Amos to discuss research on earthquakes, groundwater use May 16 on campus

Western Washington University Assistant Professor of Geology Colin Amos and coauthors have published new research that shows a direct link between human-caused groundwater depletion and increased seismicity and mountain uplift in California’s Sierra Nevada and Coast Ranges.

Amos will speak about the research at noon Friday, May 16, in Environmental Science Room 100.

The research, published today in the journal “Nature,” shows that draining of the aquifer for agricultural irrigation in California’s Central Valley results in upward flexing of the earth’s surface and the surrounding mountains due to the to the loss of mass within the valley.

Widespread subsidence, or sinking of the ground surface, has been well documented in the Central Valley for decades. As groundwater is removed from the aquifer, compaction of the surrounding sediment causes the sinking motion. Subsiding ground has been costly for the state, wreaking havoc on canals, bridges, and levees throughout the agricultural valley.

In contrast with the sinking valley, Amos and coauthors use Global Positioning System data to explain the slow rise of the surrounding mountains as humans continue to use up groundwater resources in the San Joaquin Valley.

The total amount of groundwater lost from the valley over the past century and a half is approximately equal to the volume of Lake Tahoe on the California-Nevada border. And although the increase in mountain height over this period is relatively small (on the order of inches), this study is the first to ascribe this mountain growth directly to human activities.

The second and perhaps more worrisome finding by Amos and his peers was that these yearly ups and downs of the mountains and valleys may cause small disturbances to the nearby San Andreas Fault, which runs parallel to the San Joaquin Valley.

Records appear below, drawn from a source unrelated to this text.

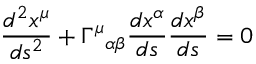Convert formula to latex. <formula><loc_0><loc_0><loc_500><loc_500>{ \frac { d ^ { 2 } x ^ { \mu } } { d s ^ { 2 } } } + \Gamma ^ { \mu _ { \alpha \beta } { \frac { d x ^ { \alpha } } { d s } } { \frac { d x ^ { \beta } } { d s } } = 0</formula> 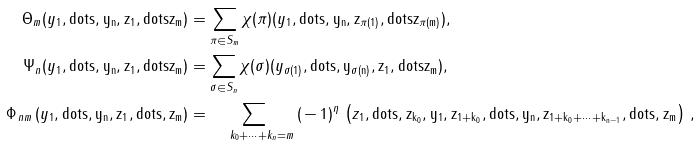<formula> <loc_0><loc_0><loc_500><loc_500>\Theta _ { m } ( y _ { 1 } , \tt d o t s , y _ { n } , z _ { 1 } , \tt d o t s z _ { m } ) & = \sum _ { \pi \in S _ { m } } \chi ( \pi ) ( y _ { 1 } , \tt d o t s , y _ { n } , z _ { \pi ( 1 ) } , \tt d o t s z _ { \pi ( m ) } ) , \\ \Psi _ { n } ( y _ { 1 } , \tt d o t s , y _ { n } , z _ { 1 } , \tt d o t s z _ { m } ) & = \sum _ { \sigma \in S _ { n } } \chi ( \sigma ) ( y _ { \sigma ( 1 ) } , \tt d o t s , y _ { \sigma ( n ) } , z _ { 1 } , \tt d o t s z _ { m } ) , \\ \Phi _ { \, n m \, } ( y _ { 1 } , \tt d o t s , y _ { n } , z _ { 1 } , \tt d o t s , z _ { m } ) & = \, \sum _ { \quad k _ { 0 } + \dots + k _ { n } = m } \, ( \, - \, 1 ) ^ { \eta } \, \left ( z _ { 1 } , \tt d o t s , z _ { k _ { 0 } } , y _ { 1 } , z _ { 1 + k _ { 0 } } , \tt d o t s , y _ { n } , z _ { 1 + k _ { 0 } + \dots + k _ { n - 1 } } , \tt d o t s , z _ { m } \right ) \, ,</formula> 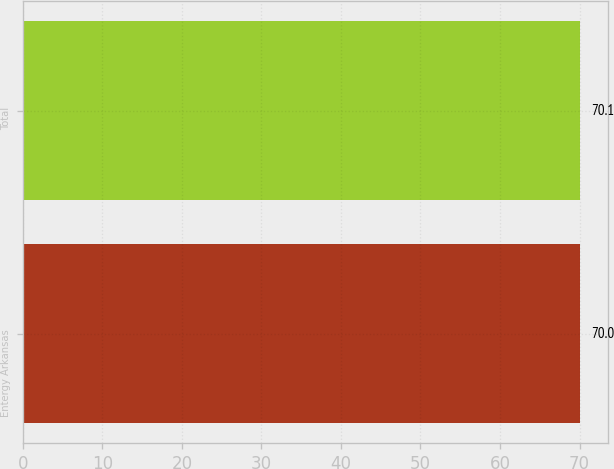<chart> <loc_0><loc_0><loc_500><loc_500><bar_chart><fcel>Entergy Arkansas<fcel>Total<nl><fcel>70<fcel>70.1<nl></chart> 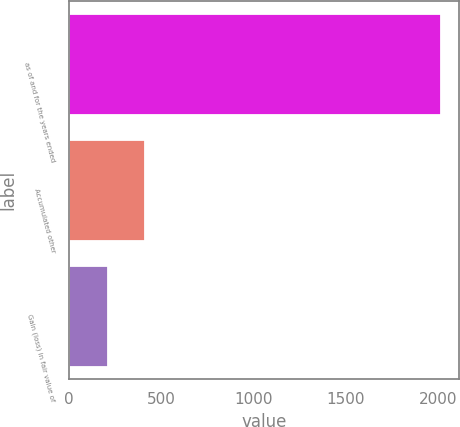Convert chart. <chart><loc_0><loc_0><loc_500><loc_500><bar_chart><fcel>as of and for the years ended<fcel>Accumulated other<fcel>Gain (loss) in fair value of<nl><fcel>2014<fcel>410.8<fcel>210.4<nl></chart> 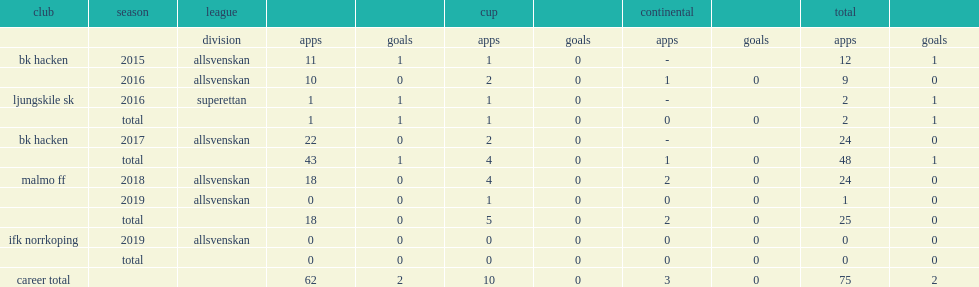Which club did egzon binaku play for in 2015? Bk hacken. 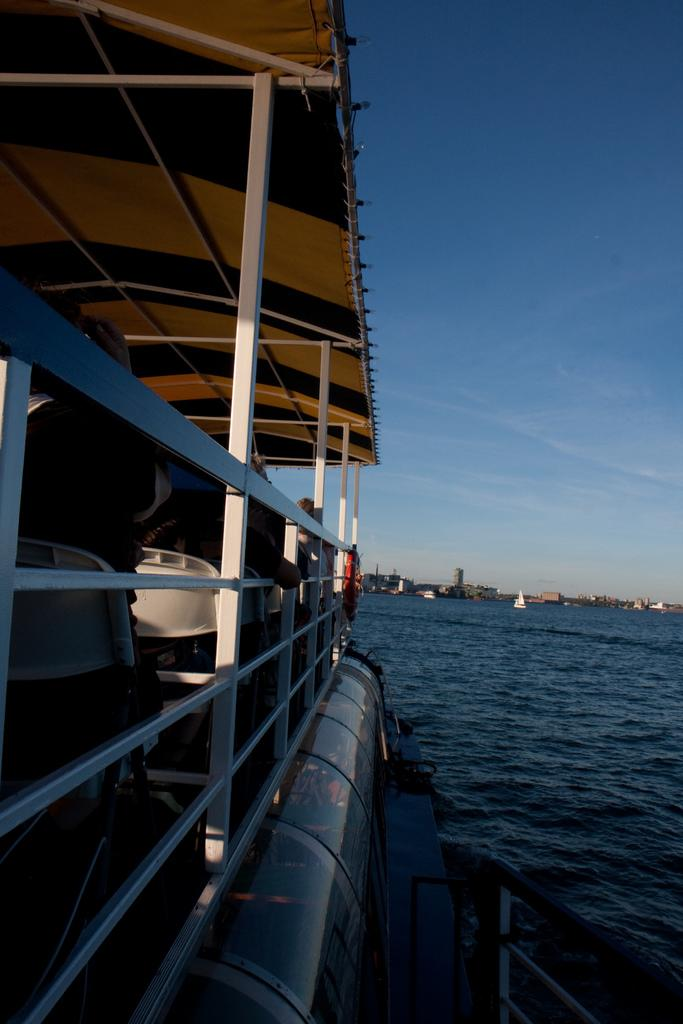What is the main subject of the image? The main subject of the image is a boat. Where is the boat located? The boat is on the water. Are there any people in the boat? Yes, there are people in the boat. What can be seen in the background of the image? There are clouds visible in the background of the image. What type of meal is being served on the boat in the image? There is no indication of a meal being served on the boat in the image. 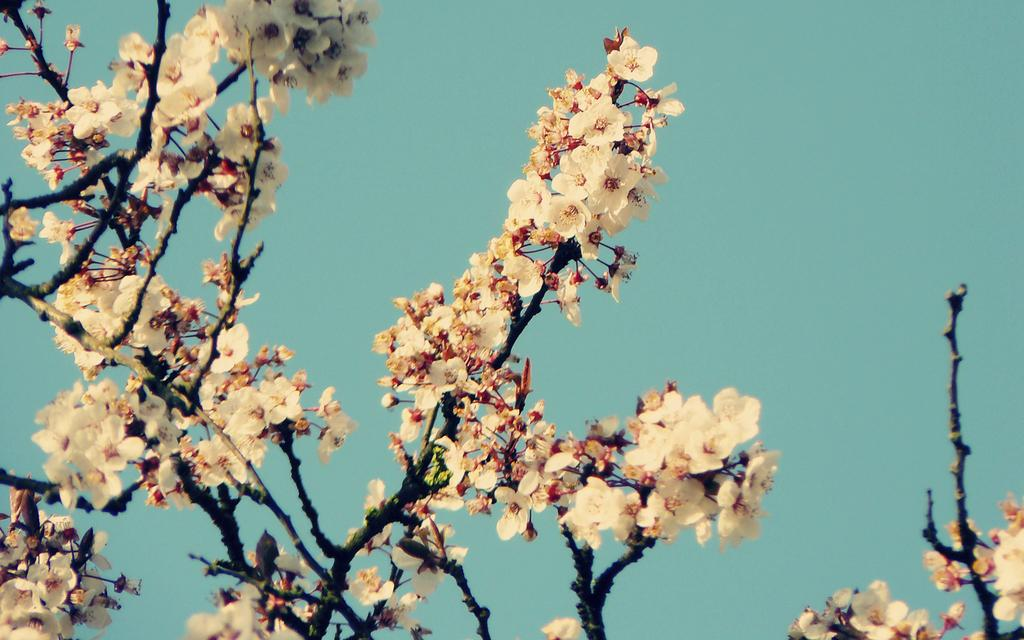What type of plant is visible in the image? There are flowers with stems in the image. What can be seen in the background of the image? The sky is visible in the background of the image. How many oranges are being used to play volleyball in the image? There are no oranges or volleyball present in the image. 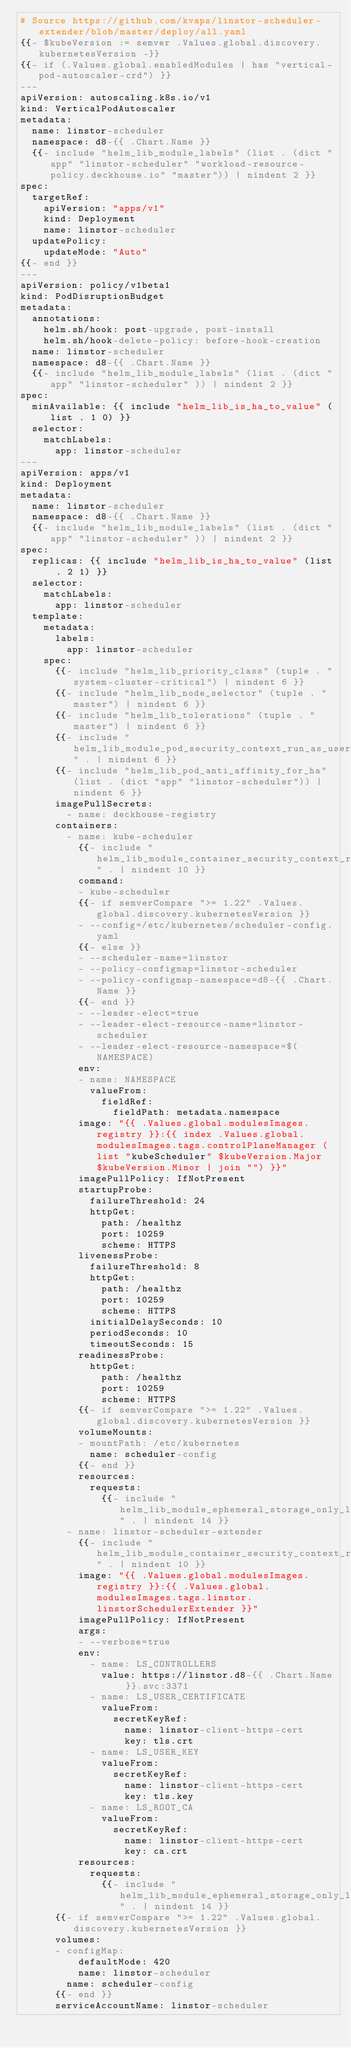Convert code to text. <code><loc_0><loc_0><loc_500><loc_500><_YAML_># Source https://github.com/kvaps/linstor-scheduler-extender/blob/master/deploy/all.yaml
{{- $kubeVersion := semver .Values.global.discovery.kubernetesVersion -}}
{{- if (.Values.global.enabledModules | has "vertical-pod-autoscaler-crd") }}
---
apiVersion: autoscaling.k8s.io/v1
kind: VerticalPodAutoscaler
metadata:
  name: linstor-scheduler
  namespace: d8-{{ .Chart.Name }}
  {{- include "helm_lib_module_labels" (list . (dict "app" "linstor-scheduler" "workload-resource-policy.deckhouse.io" "master")) | nindent 2 }}
spec:
  targetRef:
    apiVersion: "apps/v1"
    kind: Deployment
    name: linstor-scheduler
  updatePolicy:
    updateMode: "Auto"
{{- end }}
---
apiVersion: policy/v1beta1
kind: PodDisruptionBudget
metadata:
  annotations:
    helm.sh/hook: post-upgrade, post-install
    helm.sh/hook-delete-policy: before-hook-creation
  name: linstor-scheduler
  namespace: d8-{{ .Chart.Name }}
  {{- include "helm_lib_module_labels" (list . (dict "app" "linstor-scheduler" )) | nindent 2 }}
spec:
  minAvailable: {{ include "helm_lib_is_ha_to_value" (list . 1 0) }}
  selector:
    matchLabels:
      app: linstor-scheduler
---
apiVersion: apps/v1
kind: Deployment
metadata:
  name: linstor-scheduler
  namespace: d8-{{ .Chart.Name }}
  {{- include "helm_lib_module_labels" (list . (dict "app" "linstor-scheduler" )) | nindent 2 }}
spec:
  replicas: {{ include "helm_lib_is_ha_to_value" (list . 2 1) }}
  selector:
    matchLabels:
      app: linstor-scheduler
  template:
    metadata:
      labels:
        app: linstor-scheduler
    spec:
      {{- include "helm_lib_priority_class" (tuple . "system-cluster-critical") | nindent 6 }}
      {{- include "helm_lib_node_selector" (tuple . "master") | nindent 6 }}
      {{- include "helm_lib_tolerations" (tuple . "master") | nindent 6 }}
      {{- include "helm_lib_module_pod_security_context_run_as_user_nobody" . | nindent 6 }}
      {{- include "helm_lib_pod_anti_affinity_for_ha" (list . (dict "app" "linstor-scheduler")) | nindent 6 }}
      imagePullSecrets:
        - name: deckhouse-registry
      containers:
        - name: kube-scheduler
          {{- include "helm_lib_module_container_security_context_read_only_root_filesystem_capabilities_drop_all" . | nindent 10 }}
          command:
          - kube-scheduler
          {{- if semverCompare ">= 1.22" .Values.global.discovery.kubernetesVersion }}
          - --config=/etc/kubernetes/scheduler-config.yaml
          {{- else }}
          - --scheduler-name=linstor
          - --policy-configmap=linstor-scheduler
          - --policy-configmap-namespace=d8-{{ .Chart.Name }}
          {{- end }}
          - --leader-elect=true
          - --leader-elect-resource-name=linstor-scheduler
          - --leader-elect-resource-namespace=$(NAMESPACE)
          env:
          - name: NAMESPACE
            valueFrom:
              fieldRef:
                fieldPath: metadata.namespace
          image: "{{ .Values.global.modulesImages.registry }}:{{ index .Values.global.modulesImages.tags.controlPlaneManager (list "kubeScheduler" $kubeVersion.Major $kubeVersion.Minor | join "") }}"
          imagePullPolicy: IfNotPresent
          startupProbe:
            failureThreshold: 24
            httpGet:
              path: /healthz
              port: 10259
              scheme: HTTPS
          livenessProbe:
            failureThreshold: 8
            httpGet:
              path: /healthz
              port: 10259
              scheme: HTTPS
            initialDelaySeconds: 10
            periodSeconds: 10
            timeoutSeconds: 15
          readinessProbe:
            httpGet:
              path: /healthz
              port: 10259
              scheme: HTTPS
          {{- if semverCompare ">= 1.22" .Values.global.discovery.kubernetesVersion }}
          volumeMounts:
          - mountPath: /etc/kubernetes
            name: scheduler-config
          {{- end }}
          resources:
            requests:
              {{- include "helm_lib_module_ephemeral_storage_only_logs" . | nindent 14 }}
        - name: linstor-scheduler-extender
          {{- include "helm_lib_module_container_security_context_read_only_root_filesystem_capabilities_drop_all" . | nindent 10 }}
          image: "{{ .Values.global.modulesImages.registry }}:{{ .Values.global.modulesImages.tags.linstor.linstorSchedulerExtender }}"
          imagePullPolicy: IfNotPresent
          args:
          - --verbose=true
          env:
            - name: LS_CONTROLLERS
              value: https://linstor.d8-{{ .Chart.Name }}.svc:3371
            - name: LS_USER_CERTIFICATE
              valueFrom:
                secretKeyRef:
                  name: linstor-client-https-cert
                  key: tls.crt
            - name: LS_USER_KEY
              valueFrom:
                secretKeyRef:
                  name: linstor-client-https-cert
                  key: tls.key
            - name: LS_ROOT_CA
              valueFrom:
                secretKeyRef:
                  name: linstor-client-https-cert
                  key: ca.crt
          resources:
            requests:
              {{- include "helm_lib_module_ephemeral_storage_only_logs" . | nindent 14 }}
      {{- if semverCompare ">= 1.22" .Values.global.discovery.kubernetesVersion }}
      volumes:
      - configMap:
          defaultMode: 420
          name: linstor-scheduler
        name: scheduler-config
      {{- end }}
      serviceAccountName: linstor-scheduler
</code>

“Other studies have shown that the San Andreas Fault is sensitive to small-scale changes in stress. These changes appear to control the timing of small earthquakes on portions of the fault, leading to more small earthquakes during dryer periods of the year. Previously, such changes were thought to be driven by rainfall and other hydrologic causes,” Amos said. “But what our research suggests that the sustained loss of the groundwater and the resulting upward flexing of the ground surface may also contribute to or even drive these changes in stress.”

Amos cautioned that this research does not point to a correlation between groundwater depletion and an increased likelihood of a large earthquake along the fault.

“The real importance of this research is that we are demonstrating a potential link between human activity and deformation of the solid Earth, which explains current mountain uplift and the yearly variation in seismicity,” he said. “These are questions that lots of geologists have been puzzling over, and it’s a real eye opener to think that humans are the ultimate cause.”

“Given the current drought and most projections for climate change in California and elsewhere in the Western U.S., groundwater depletion will likely continue, and so will these phenomena,” said Amos.

Working with Amos on this research were Pascal Audet at the University of Ottawa, Canada; William Hammond and Geoffrey Blewitt at the University of Nevada, Reno; and Roland Bürgmann and Ingrid Johanson at the University of California at Berkeley.

The authors received funding from the National Science Foundation and UNAVCO for operating the GPS network.

The research of Amos and his peers is available online at www.nature.com.